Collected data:
===

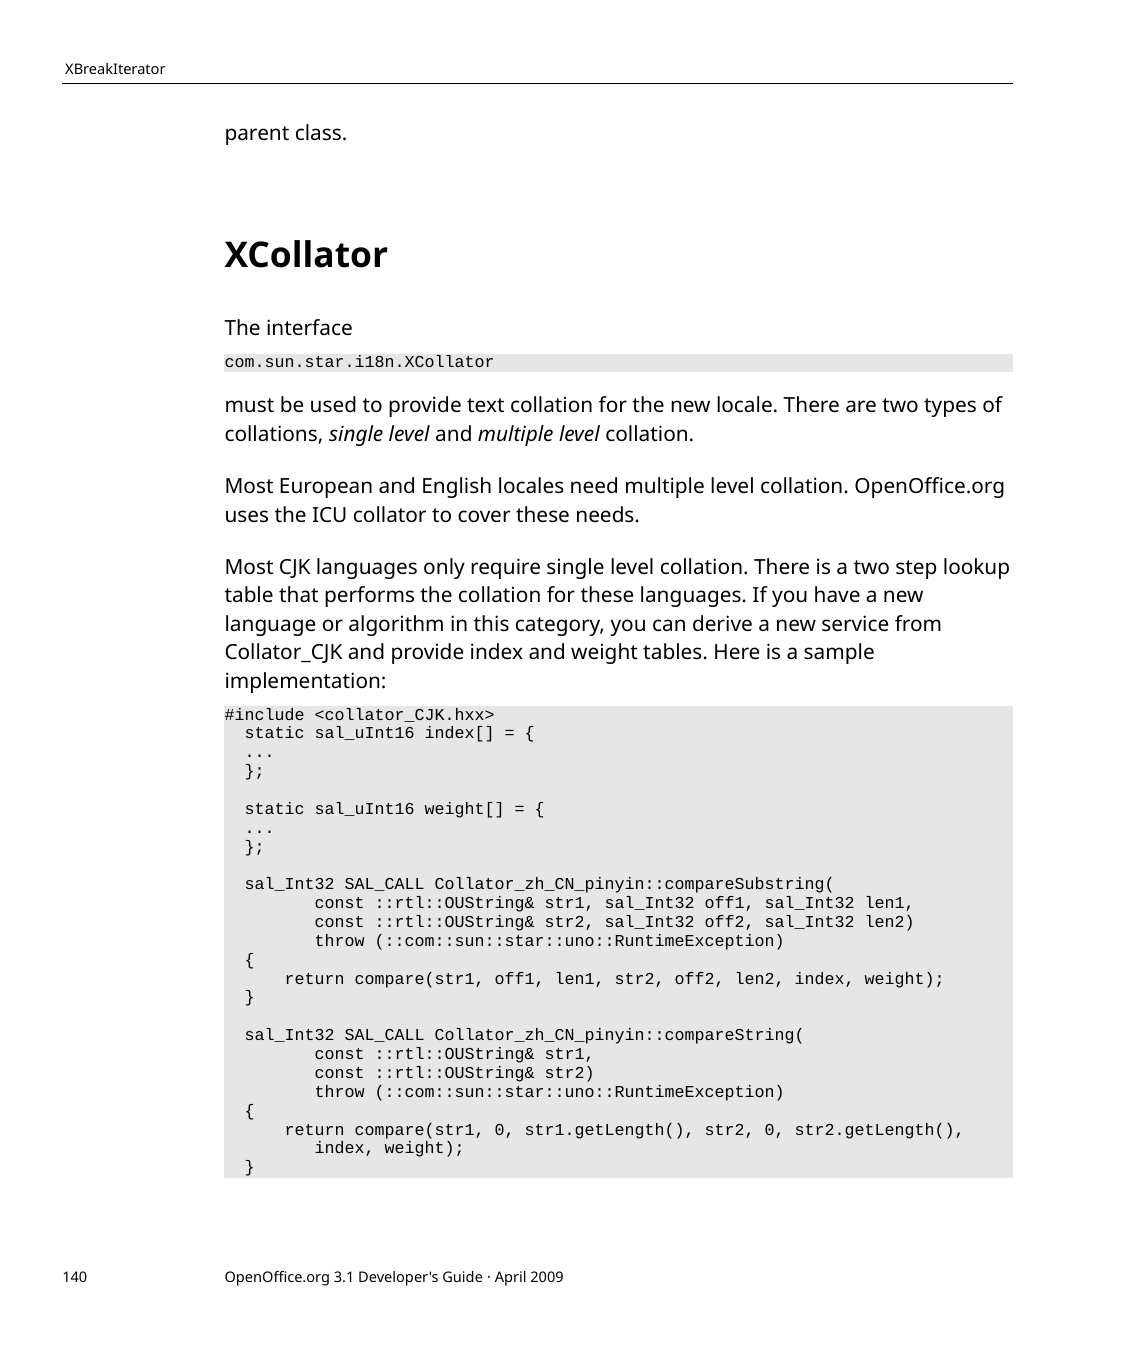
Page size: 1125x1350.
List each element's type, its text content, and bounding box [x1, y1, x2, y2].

text #include <collator_CJK.hxx> static sal_uInt16 index[] = { ... }; static sal_uInt16 weight[] = { ... }; sal_Int32 SAL_CALL Collator_zh_CN_pinyin::compareSubstring( const ::rtl::OUString& str1, sal_Int32 off1, sal_Int32 len1, const ::rtl::OUString& str2, sal_Int32 off2, sal_Int32 len2) throw (::com::sun::star::uno::RuntimeException) { return compare(str1, off1, len1, str2, off2, len2, index, weight); } sal_Int32 SAL_CALL Collator_zh_CN_pinyin::compareString( const ::rtl::OUString& str1, const ::rtl::OUString& str2) throw (::com::sun::star::uno::RuntimeException) { return compare(str1, 0, str1.getLength(), str2, 0, str2.getLength(), index, weight); } [224, 706, 1013, 1178]
text The interface [224, 313, 1013, 342]
text parent class. [224, 118, 1013, 147]
text com.sun.star.i18n.XCollator [224, 354, 1013, 372]
text Most European and English locales need multiple level collation. OpenOffice.org uses the ICU collator to cover these needs. [224, 471, 1013, 528]
subtitle XCollator [224, 229, 1013, 278]
text must be used to provide text collation for the new locale. There are two types of collations, single level and multiple level collation. [224, 390, 1013, 447]
text Most CJK languages only require single level collation. There is a two step lookup table that performs the collation for these languages. If you have a new language or algorithm in this category, you can derive a new service from Collator_CJK and provide index and weight tables. Here is a sample implementation: [224, 552, 1013, 694]
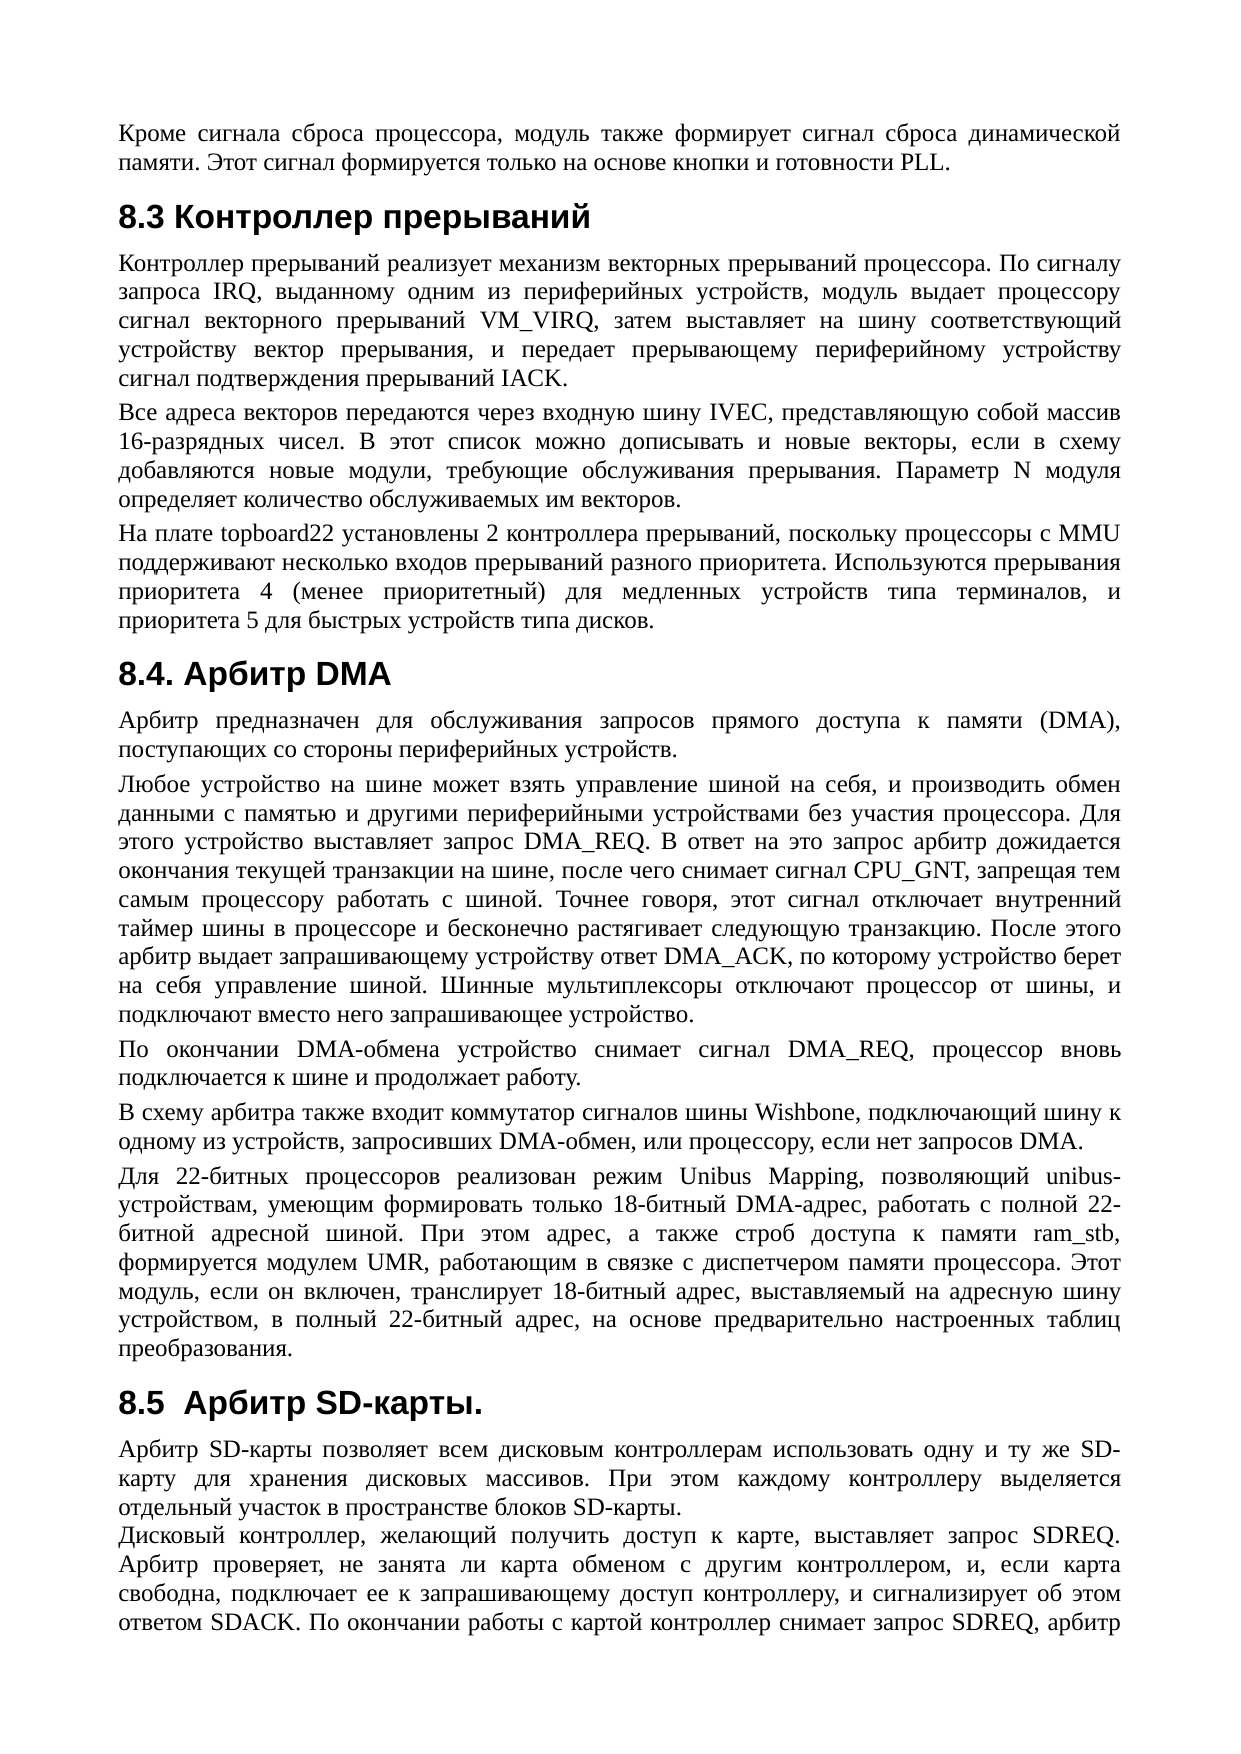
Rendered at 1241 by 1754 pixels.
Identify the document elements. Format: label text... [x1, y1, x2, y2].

text Контроллер прерываний реализует механизм векторных прерываний процессора. По сигналу запроса IRQ, выданному одним из периферийных устройств, модуль выдает процессору сигнал векторного прерываний VM_VIRQ, затем выставляет на шину соответствующий устройству вектор прерывания, и передает прерывающему периферийному устройству сигнал подтверждения прерываний IACK. [118, 248, 1122, 391]
text Кроме сигнала сброса процессора, модуль также формирует сигнал сброса динамической памяти. Этот сигнал формируется только на основе кнопки и готовности PLL. [118, 118, 1122, 176]
text По окончании DMA-обмена устройство снимает сигнал DMA_REQ, процессор вновь подключается к шине и продолжает работу. [118, 1034, 1122, 1091]
text В схему арбитра также входит коммутатор сигналов шины Wishbone, подключающий шину к одному из устройств, запросивших DMA-обмен, или процессору, если нет запросов DMA. [118, 1097, 1122, 1155]
subtitle 8.3 Контроллер прерываний [118, 196, 1122, 235]
text Арбитр предназначен для обслуживания запросов прямого доступа к памяти (DMA), поступающих со стороны периферийных устройств. [118, 705, 1122, 763]
text На плате topboard22 установлены 2 контроллера прерываний, поскольку процессоры с MMU поддерживают несколько входов прерываний разного приоритета. Используются прерывания приоритета 4 (менее приоритетный) для медленных устройств типа терминалов, и приоритета 5 для быстрых устройств типа дисков. [118, 518, 1122, 633]
text Арбитр SD-карты позволяет всем дисковым контроллерам использовать одну и ту же SD-карту для хранения дисковых массивов. При этом каждому контроллеру выделяется отдельный участок в пространстве блоков SD-карты. [118, 1434, 1122, 1520]
text Дисковый контроллер, желающий получить доступ к карте, выставляет запрос SDREQ. Арбитр проверяет, не занята ли карта обменом с другим контроллером, и, если карта свободна, подключает ее к запрашивающему доступ контроллеру, и сигнализирует об этом ответом SDACK. По окончании работы с картой контроллер снимает запрос SDREQ, арбитр [118, 1520, 1122, 1635]
text Любое устройство на шине может взять управление шиной на себя, и производить обмен данными с памятью и другими периферийными устройствами без участия процессора. Для этого устройство выставляет запрос DMA_REQ. В ответ на это запрос арбитр дожидается окончания текущей транзакции на шине, после чего снимает сигнал CPU_GNT, запрещая тем самым процессору работать с шиной. Точнее говоря, этот сигнал отключает внутренний таймер шины в процессоре и бесконечно растягивает следующую транзакцию. После этого арбитр выдает запрашивающему устройству ответ DMA_ACK, по которому устройство берет на себя управление шиной. Шинные мультиплексоры отключают процессор от шины, и подключают вместо него запрашивающее устройство. [118, 769, 1122, 1028]
text Для 22-битных процессоров реализован режим Unibus Mapping, позволяющий unibus-устройствам, умеющим формировать только 18-битный DMA-адрес, работать с полной 22-битной адресной шиной. При этом адрес, а также строб доступа к памяти ram_stb, формируется модулем UMR, работающим в связке с диспетчером памяти процессора. Этот модуль, если он включен, транслирует 18-битный адрес, выставляемый на адресную шину устройством, в полный 22-битный адрес, на основе предварительно настроенных таблиц преобразования. [118, 1161, 1122, 1362]
subtitle 8.4. Арбитр DMA [118, 654, 1122, 693]
subtitle 8.5 Арбитр SD-карты. [118, 1383, 1122, 1422]
text Все адреса векторов передаются через входную шину IVEC, представляющую собой массив 16-разрядных чисел. В этот список можно дописывать и новые векторы, если в схему добавляются новые модули, требующие обслуживания прерывания. Параметр N модуля определяет количество обслуживаемых им векторов. [118, 397, 1122, 512]

===

Show me every line in the data above that includes "карты".

text Арбитр SD-карты позволяет всем дисковым контроллерам использовать одну и ту же SD-карту для хранения дисковых массивов. При этом каждому контроллеру выделяется отдельный участок в пространстве блоков SD-карты. [118, 1434, 1122, 1520]
subtitle 8.5 Арбитр SD-карты. [118, 1383, 1122, 1422]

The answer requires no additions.